(Saved data entries)
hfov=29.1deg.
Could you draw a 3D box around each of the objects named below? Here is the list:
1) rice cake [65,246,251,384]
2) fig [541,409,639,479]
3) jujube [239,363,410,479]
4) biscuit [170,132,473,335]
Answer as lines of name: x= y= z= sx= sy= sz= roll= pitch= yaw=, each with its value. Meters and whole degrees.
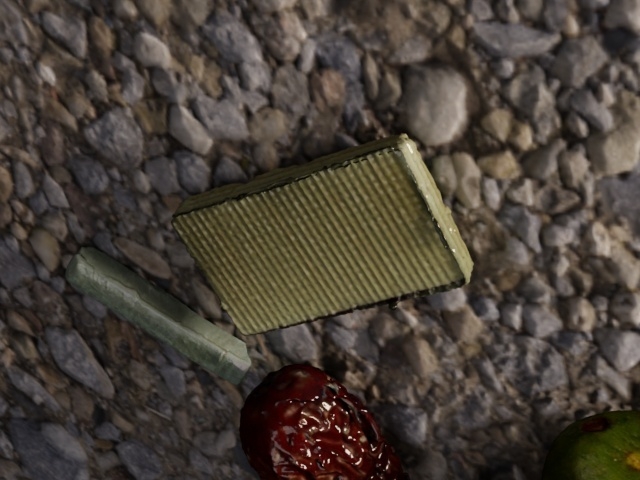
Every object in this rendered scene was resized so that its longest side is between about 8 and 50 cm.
rice cake: x=-0.127 y=0.060 z=0.990 sx=0.170 sy=0.029 sz=0.033 roll=33 pitch=128 yaw=-2
fig: x=0.215 y=0.194 z=0.879 sx=0.123 sy=0.123 sz=0.156 roll=16 pitch=141 yaw=13
jujube: x=0.001 y=0.169 z=0.970 sx=0.104 sy=0.104 sz=0.166 roll=-18 pitch=118 yaw=35
biscuit: x=0.000 y=0.000 z=0.875 sx=0.199 sy=0.040 sz=0.121 roll=-14 pitch=116 yaw=32
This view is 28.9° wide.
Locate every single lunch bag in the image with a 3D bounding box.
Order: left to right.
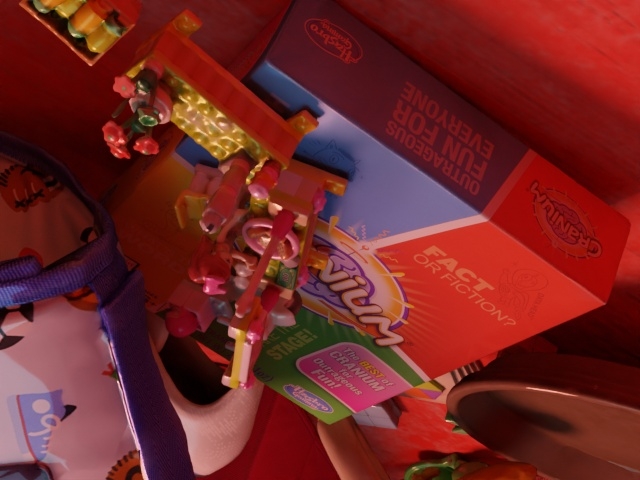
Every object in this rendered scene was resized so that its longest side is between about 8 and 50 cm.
[{"bbox_3d":[-0.254,0.102,0.846,0.385,0.239,0.328,13,129,31],"label":"lunch bag"}]

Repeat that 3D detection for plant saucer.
[{"bbox_3d":[0.228,0.148,0.907,0.277,0.041,0.278,20,162,7],"label":"plant saucer"}]

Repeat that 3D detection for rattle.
[{"bbox_3d":[0.058,0.148,1.020,0.143,0.200,0.130,-43,130,13],"label":"rattle"}]

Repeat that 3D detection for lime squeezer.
[{"bbox_3d":[0.119,0.257,1.185,0.058,0.110,0.310,16,175,-32],"label":"lime squeezer"}]

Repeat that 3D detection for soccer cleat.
[{"bbox_3d":[-0.195,0.074,1.073,0.331,0.116,0.143,31,118,-1],"label":"soccer cleat"}]

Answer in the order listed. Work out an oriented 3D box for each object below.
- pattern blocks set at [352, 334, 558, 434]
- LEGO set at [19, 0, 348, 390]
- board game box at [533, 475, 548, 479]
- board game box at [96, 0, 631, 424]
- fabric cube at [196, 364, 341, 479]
[{"bbox_3d":[0.045,0.080,0.995,0.285,0.026,0.325,-3,145,36],"label":"pattern blocks set"},{"bbox_3d":[-0.068,-0.015,0.664,0.132,0.107,0.287,8,144,24],"label":"LEGO set"},{"bbox_3d":[0.221,0.269,1.209,0.124,0.039,0.259,28,148,-14],"label":"board game box"},{"bbox_3d":[0.000,0.000,0.804,0.242,0.064,0.316,34,147,-15],"label":"board game box"},{"bbox_3d":[-0.155,0.284,1.237,0.254,0.258,0.259,8,150,22],"label":"fabric cube"}]
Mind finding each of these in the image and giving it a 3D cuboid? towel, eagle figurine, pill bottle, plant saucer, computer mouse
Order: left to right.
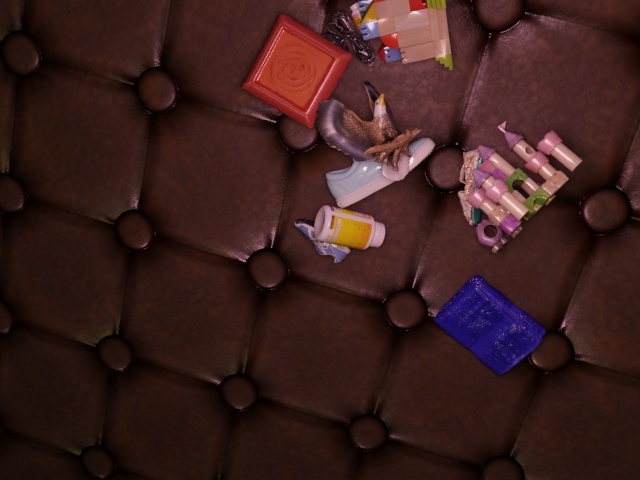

* EXERCISE *
Every line above should be retyped exactly; the pictures do not belong in the copy.

* ANSWER BOX *
hfov=29.1deg.
Could you draw a 3D box around each of the objects named below? Here is the list:
1) rice cake [65,246,251,384]
2) fig [541,409,639,479]
3) jujube [239,363,410,479]
4) biscuit [170,132,473,335]
Answer as lines of name: x= y= z= sx= sy= sz= roll= pitch= yaw=, each with its value. Meters and whole degrees.
Every object in this rendered scene was resized so that its longest side is between about 8 and 50 cm.
rice cake: x=-0.127 y=0.060 z=0.990 sx=0.170 sy=0.029 sz=0.033 roll=33 pitch=128 yaw=-2
fig: x=0.215 y=0.194 z=0.879 sx=0.123 sy=0.123 sz=0.156 roll=16 pitch=141 yaw=13
jujube: x=0.001 y=0.169 z=0.970 sx=0.104 sy=0.104 sz=0.166 roll=-18 pitch=118 yaw=35
biscuit: x=0.000 y=0.000 z=0.875 sx=0.199 sy=0.040 sz=0.121 roll=-14 pitch=116 yaw=32
This view is 28.9° wide.
Locate every single lunch bag in the image with a 3D bounding box.
Order: left to right.
Every object in this rendered scene was resized so that its longest side is between about 8 and 50 cm.
[{"bbox_3d":[-0.254,0.102,0.846,0.385,0.239,0.328,13,129,31],"label":"lunch bag"}]

Repeat that 3D detection for plant saucer.
[{"bbox_3d":[0.228,0.148,0.907,0.277,0.041,0.278,20,162,7],"label":"plant saucer"}]

Repeat that 3D detection for rattle.
[{"bbox_3d":[0.058,0.148,1.020,0.143,0.200,0.130,-43,130,13],"label":"rattle"}]

Repeat that 3D detection for lime squeezer.
[{"bbox_3d":[0.119,0.257,1.185,0.058,0.110,0.310,16,175,-32],"label":"lime squeezer"}]

Repeat that 3D detection for soccer cleat.
[{"bbox_3d":[-0.195,0.074,1.073,0.331,0.116,0.143,31,118,-1],"label":"soccer cleat"}]

Answer in the order listed. Work out an oriented 3D box for each object below.
- pattern blocks set at [352, 334, 558, 434]
- LEGO set at [19, 0, 348, 390]
- board game box at [533, 475, 548, 479]
- board game box at [96, 0, 631, 424]
- fabric cube at [196, 364, 341, 479]
[{"bbox_3d":[0.045,0.080,0.995,0.285,0.026,0.325,-3,145,36],"label":"pattern blocks set"},{"bbox_3d":[-0.068,-0.015,0.664,0.132,0.107,0.287,8,144,24],"label":"LEGO set"},{"bbox_3d":[0.221,0.269,1.209,0.124,0.039,0.259,28,148,-14],"label":"board game box"},{"bbox_3d":[0.000,0.000,0.804,0.242,0.064,0.316,34,147,-15],"label":"board game box"},{"bbox_3d":[-0.155,0.284,1.237,0.254,0.258,0.259,8,150,22],"label":"fabric cube"}]
Mind finding each of these in the image and giving it a 3D cuboid? towel, eagle figurine, pill bottle, plant saucer, computer mouse
Order: left to right.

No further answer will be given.